* **WHAT YOU NEED TO DO**: Print every entry exactly once more, omitting each picture.

* **INFORMATION**:

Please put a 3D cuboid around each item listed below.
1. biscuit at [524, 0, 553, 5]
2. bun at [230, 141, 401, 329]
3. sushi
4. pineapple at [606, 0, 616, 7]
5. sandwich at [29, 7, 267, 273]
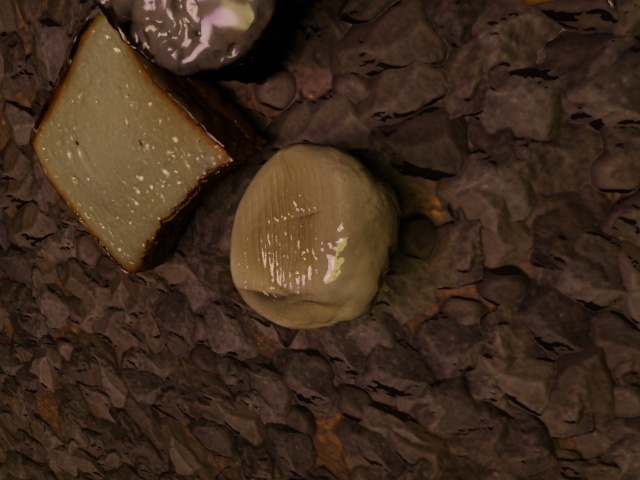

* **SOLVED PROBLEM**:
Please put a 3D cuboid around each item listed below.
1. biscuit at [524, 0, 553, 5]
2. bun at [230, 141, 401, 329]
3. sushi
4. pineapple at [606, 0, 616, 7]
5. sandwich at [29, 7, 267, 273]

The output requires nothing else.